**Activity**
Set down again each entry exactly as it reads, pictures excluded.

Items from a dataset
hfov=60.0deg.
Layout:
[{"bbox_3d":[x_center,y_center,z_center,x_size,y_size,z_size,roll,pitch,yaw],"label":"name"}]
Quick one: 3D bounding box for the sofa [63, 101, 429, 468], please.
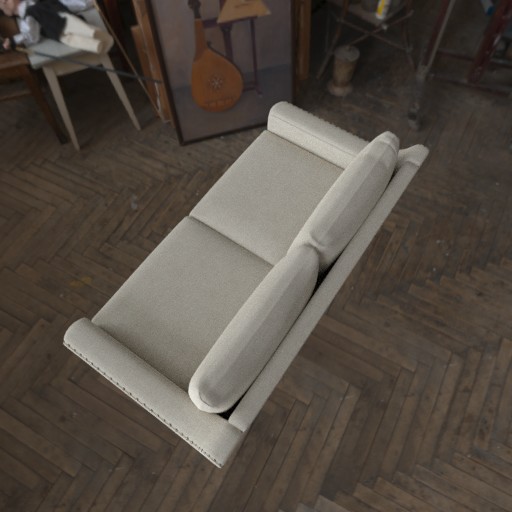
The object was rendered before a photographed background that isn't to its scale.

**Answer box**
hfov=60.0deg.
Layout:
[{"bbox_3d":[x_center,y_center,z_center,x_size,y_size,z_size,roll,pitch,yaw],"label":"name"}]
Quick one: 3D bounding box for the sofa [63, 101, 429, 468], please.
The object was rendered before a photographed background that isn't to its scale.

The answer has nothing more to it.